Data entries
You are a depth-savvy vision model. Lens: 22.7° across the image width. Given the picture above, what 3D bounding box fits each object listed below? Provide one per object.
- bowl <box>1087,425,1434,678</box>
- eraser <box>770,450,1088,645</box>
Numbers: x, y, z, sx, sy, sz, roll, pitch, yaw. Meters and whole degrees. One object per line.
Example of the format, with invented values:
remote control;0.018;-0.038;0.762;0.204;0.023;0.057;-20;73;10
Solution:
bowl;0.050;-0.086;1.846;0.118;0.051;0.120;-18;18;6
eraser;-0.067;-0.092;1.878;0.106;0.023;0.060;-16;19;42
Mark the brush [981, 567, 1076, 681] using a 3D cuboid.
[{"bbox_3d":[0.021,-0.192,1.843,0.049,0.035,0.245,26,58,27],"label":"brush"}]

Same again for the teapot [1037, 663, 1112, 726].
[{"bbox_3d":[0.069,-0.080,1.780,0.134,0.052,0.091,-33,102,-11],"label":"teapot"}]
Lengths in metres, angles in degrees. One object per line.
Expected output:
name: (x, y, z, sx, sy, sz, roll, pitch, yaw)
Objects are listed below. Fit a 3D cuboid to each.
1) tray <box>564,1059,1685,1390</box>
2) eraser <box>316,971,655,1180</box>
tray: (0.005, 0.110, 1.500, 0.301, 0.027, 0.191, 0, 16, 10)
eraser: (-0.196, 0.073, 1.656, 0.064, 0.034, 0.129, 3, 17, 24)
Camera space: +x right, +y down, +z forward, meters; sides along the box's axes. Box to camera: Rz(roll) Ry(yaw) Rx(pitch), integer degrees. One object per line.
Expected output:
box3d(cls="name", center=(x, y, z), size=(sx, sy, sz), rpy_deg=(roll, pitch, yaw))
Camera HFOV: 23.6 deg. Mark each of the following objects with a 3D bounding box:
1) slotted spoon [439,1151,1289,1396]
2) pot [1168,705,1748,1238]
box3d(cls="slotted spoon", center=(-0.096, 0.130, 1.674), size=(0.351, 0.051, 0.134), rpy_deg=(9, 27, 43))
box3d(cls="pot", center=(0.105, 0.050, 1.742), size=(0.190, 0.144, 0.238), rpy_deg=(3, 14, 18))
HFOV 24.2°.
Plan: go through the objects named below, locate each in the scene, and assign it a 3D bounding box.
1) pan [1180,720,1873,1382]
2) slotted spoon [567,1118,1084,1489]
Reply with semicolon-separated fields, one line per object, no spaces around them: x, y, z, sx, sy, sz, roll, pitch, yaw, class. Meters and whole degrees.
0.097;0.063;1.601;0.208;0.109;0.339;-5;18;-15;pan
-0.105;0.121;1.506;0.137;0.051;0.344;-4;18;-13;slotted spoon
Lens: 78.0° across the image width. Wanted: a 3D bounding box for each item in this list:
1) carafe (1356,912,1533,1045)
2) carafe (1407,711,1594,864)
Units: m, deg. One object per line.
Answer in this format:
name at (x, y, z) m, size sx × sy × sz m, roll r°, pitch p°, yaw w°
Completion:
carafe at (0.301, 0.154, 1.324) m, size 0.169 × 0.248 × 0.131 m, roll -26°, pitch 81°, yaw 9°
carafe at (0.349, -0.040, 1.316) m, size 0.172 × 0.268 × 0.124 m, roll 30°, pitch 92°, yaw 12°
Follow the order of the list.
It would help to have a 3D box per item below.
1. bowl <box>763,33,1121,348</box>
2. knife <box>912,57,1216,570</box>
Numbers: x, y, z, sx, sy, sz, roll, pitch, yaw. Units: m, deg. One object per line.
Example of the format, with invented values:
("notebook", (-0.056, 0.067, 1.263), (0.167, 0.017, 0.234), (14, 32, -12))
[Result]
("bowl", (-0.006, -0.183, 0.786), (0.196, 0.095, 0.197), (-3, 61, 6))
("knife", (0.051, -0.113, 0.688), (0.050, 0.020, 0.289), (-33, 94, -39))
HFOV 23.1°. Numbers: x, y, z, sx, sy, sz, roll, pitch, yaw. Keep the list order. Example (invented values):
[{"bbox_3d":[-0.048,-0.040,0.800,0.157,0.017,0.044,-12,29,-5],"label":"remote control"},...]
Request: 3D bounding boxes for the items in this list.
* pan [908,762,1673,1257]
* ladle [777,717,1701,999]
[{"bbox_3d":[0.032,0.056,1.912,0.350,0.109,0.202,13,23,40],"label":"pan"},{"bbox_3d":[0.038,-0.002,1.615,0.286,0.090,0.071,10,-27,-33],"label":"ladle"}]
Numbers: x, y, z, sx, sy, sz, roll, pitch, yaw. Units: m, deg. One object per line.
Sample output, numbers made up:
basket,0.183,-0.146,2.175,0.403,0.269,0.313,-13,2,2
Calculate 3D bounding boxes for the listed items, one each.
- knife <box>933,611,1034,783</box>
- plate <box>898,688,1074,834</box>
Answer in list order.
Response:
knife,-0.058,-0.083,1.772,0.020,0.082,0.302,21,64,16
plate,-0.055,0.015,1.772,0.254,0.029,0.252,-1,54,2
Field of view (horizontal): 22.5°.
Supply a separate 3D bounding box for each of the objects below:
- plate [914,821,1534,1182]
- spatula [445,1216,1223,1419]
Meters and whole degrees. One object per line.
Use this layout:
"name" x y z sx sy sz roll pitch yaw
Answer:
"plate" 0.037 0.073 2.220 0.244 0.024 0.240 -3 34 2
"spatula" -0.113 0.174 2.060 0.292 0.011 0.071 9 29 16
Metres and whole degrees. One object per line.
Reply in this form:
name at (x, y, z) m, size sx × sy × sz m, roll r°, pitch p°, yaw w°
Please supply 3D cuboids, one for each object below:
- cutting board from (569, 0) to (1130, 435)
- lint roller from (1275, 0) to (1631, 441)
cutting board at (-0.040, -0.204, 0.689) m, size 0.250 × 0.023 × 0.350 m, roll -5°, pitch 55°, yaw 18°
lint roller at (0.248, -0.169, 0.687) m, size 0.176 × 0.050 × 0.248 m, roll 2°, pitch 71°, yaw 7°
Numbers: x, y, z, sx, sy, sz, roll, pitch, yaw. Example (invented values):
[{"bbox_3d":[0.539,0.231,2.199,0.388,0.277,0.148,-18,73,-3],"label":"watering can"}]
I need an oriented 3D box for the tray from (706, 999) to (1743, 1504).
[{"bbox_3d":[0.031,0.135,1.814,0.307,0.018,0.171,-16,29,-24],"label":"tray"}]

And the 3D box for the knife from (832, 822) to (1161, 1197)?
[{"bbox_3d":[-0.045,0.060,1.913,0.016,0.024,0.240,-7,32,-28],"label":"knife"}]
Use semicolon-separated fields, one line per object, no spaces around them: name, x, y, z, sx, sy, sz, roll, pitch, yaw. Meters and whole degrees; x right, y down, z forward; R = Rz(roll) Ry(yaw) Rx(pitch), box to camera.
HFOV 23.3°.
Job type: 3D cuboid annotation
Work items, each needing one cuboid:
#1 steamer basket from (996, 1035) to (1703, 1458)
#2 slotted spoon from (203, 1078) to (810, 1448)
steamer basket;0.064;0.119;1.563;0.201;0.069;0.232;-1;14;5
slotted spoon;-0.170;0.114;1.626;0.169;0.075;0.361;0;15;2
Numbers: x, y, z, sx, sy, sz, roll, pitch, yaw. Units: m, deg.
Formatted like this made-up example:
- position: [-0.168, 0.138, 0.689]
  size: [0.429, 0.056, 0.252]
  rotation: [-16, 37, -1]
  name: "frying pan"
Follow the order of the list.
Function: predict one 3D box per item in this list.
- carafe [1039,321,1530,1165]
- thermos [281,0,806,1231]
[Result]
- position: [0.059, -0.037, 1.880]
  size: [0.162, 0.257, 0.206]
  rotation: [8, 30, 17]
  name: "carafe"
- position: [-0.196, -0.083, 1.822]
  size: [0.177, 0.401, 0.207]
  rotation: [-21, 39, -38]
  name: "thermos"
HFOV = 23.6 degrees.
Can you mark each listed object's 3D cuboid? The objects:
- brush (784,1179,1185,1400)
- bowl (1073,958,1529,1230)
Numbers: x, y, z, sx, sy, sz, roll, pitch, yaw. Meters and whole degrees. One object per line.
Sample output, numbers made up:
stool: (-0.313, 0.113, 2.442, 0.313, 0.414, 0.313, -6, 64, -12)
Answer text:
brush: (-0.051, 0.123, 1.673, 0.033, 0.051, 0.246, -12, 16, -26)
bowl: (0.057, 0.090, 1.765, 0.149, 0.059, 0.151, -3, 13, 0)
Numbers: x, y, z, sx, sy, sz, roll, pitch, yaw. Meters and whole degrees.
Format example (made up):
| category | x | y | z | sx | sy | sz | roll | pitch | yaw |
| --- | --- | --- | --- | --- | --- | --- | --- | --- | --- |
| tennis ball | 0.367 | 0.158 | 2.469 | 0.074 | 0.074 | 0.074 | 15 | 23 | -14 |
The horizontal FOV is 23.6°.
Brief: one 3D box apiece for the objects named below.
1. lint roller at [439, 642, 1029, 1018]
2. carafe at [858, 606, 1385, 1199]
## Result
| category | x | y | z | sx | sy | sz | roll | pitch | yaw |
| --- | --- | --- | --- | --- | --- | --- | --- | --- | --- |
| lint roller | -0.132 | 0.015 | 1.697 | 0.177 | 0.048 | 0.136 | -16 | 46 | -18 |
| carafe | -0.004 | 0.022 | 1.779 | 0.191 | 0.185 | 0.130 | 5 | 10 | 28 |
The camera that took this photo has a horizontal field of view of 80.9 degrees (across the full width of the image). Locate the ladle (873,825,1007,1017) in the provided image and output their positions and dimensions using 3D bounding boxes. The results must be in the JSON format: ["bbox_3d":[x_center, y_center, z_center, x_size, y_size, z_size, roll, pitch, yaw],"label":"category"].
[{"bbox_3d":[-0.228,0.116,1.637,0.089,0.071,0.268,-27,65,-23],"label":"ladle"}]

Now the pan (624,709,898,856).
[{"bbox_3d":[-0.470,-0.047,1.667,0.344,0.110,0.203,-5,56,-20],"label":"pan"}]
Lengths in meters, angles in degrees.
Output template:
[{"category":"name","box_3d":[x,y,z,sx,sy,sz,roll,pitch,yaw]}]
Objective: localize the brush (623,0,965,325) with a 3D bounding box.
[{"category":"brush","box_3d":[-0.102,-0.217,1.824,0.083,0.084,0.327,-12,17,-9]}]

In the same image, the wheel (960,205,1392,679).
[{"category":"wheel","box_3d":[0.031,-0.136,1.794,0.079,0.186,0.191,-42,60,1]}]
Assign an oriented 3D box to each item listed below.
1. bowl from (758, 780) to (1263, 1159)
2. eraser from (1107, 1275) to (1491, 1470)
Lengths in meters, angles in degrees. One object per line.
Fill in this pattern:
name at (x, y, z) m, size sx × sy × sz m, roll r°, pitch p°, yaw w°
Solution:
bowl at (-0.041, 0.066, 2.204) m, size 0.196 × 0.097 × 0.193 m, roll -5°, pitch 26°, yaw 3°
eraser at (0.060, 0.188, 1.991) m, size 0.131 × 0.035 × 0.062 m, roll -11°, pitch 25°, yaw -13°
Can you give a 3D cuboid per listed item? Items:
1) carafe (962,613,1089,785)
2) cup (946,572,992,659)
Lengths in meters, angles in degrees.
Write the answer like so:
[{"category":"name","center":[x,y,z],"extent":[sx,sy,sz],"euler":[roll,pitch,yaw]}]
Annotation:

### Work to complete
From the line that has "- spatula [445,1216,1223,1419]" through the line that has "- cutting board from (569, 0) to (1130, 435)", copy every line exactly as it appears above, and leave out all others.

### Response to the task
- spatula [445,1216,1223,1419]
Meters and whole degrees. One object per line.
Use this layout:
"name" x y z sx sy sz roll pitch yaw
Answer:
"plate" 0.037 0.073 2.220 0.244 0.024 0.240 -3 34 2
"spatula" -0.113 0.174 2.060 0.292 0.011 0.071 9 29 16
Metres and whole degrees. One object per line.
Reply in this form:
name at (x, y, z) m, size sx × sy × sz m, roll r°, pitch p°, yaw w°
Please supply 3D cuboids, one for each object below:
- cutting board from (569, 0) to (1130, 435)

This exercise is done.